FSA considers tougher measures on campylobacter control

The Food Standards Agency (FSA) has said it may advise consumers directly on which supermarkets it considers safe to buy chicken from.

It has also mooted ordering poultry contaminated with campylobacter be cooked or frozen, to mitigate the risk to human health.

See also: Strategies on the battle against campylobacter explained

Those were two measures that could be employed if sections of the poultry industry were unable to create meaningful reductions in the bug, according to a report prepared by FSA policy director Steven Wearne.

Retail testing to resume

The FSA board approved a new round of testing whole birds at retail, and naming supermarkets.

This survey, set to publish quarterly, will take 100 birds from the major retailers – now including discounters Aldi and Lidl – and rank them according to contamination levels.

This differs from the first year of testing, as an even number of birds will be sampled from each business, allowing for “naming and shaming” from the start.

The FSA expected to begin its survey in July this year, with the first report to be published around November.

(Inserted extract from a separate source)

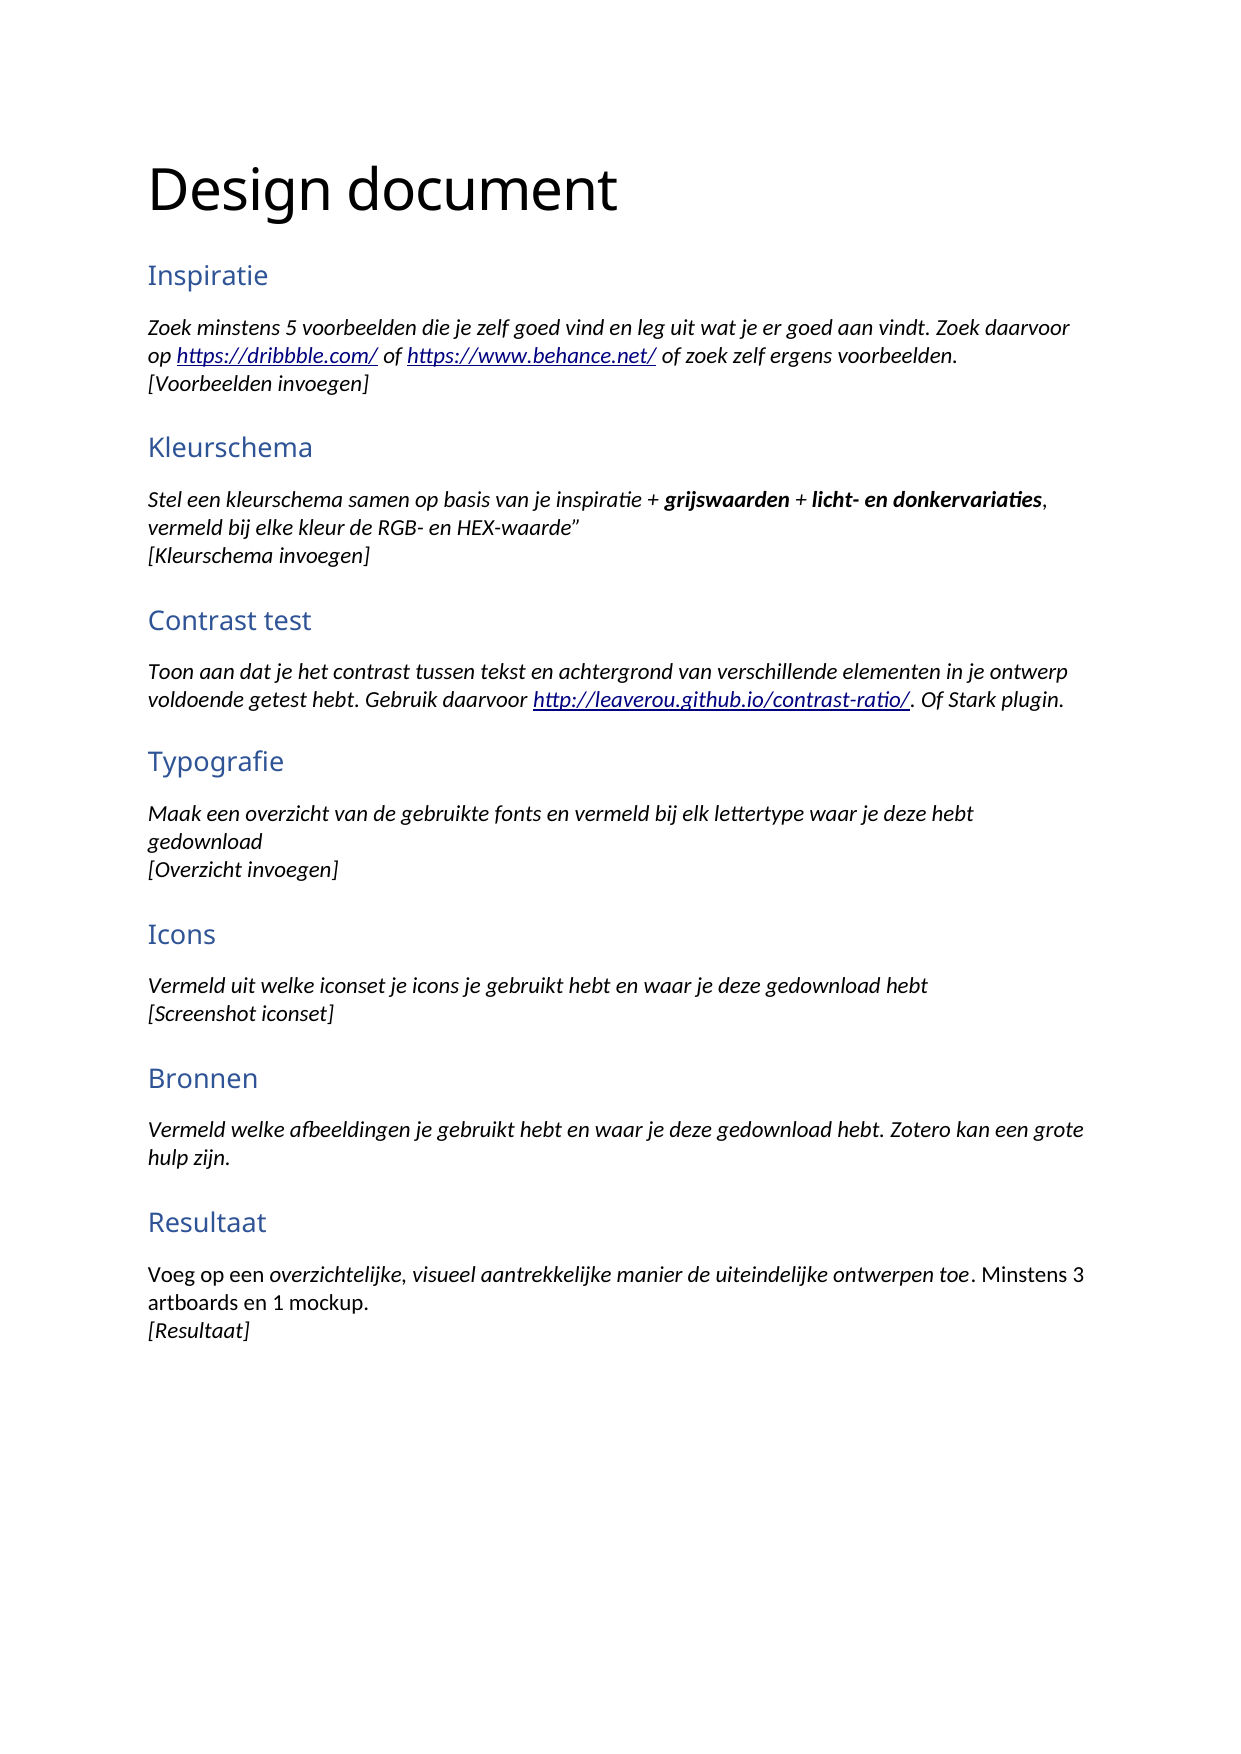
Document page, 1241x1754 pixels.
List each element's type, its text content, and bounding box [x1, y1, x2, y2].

It is also understood a full breakdown of figures from the first year of testing at retail will be made available in September.

Presenting to the FSA board, Mr Wearne said that, while interventions were beginning to have an effect, it was unlikely that industry as a whole would meet the target for reduction by the end of 2015.

“This offers the prospect of us having at the end of this year a number of retailers who are able to demonstrate that they consistently meet or better the target they agreed, and a number who cannot,” he said.

Tighter controls

He suggested stricter measures, either through legislation or otherwise, may be imposed on those who fell behind the best retailers.

One suggestion was that the FSA may advise “on changes [consumers] might choose to make to their purchasing habits”, though this might run the risk of legal challenges from retailers.

Another idea was imposing limits to the amount of campylobacter that could be found on a bird, before it was required to be cooked or frozen, a model employed by some Scandinavian countries.

The FSA board, which met on 15 July, also agreed to a second round of retail testing.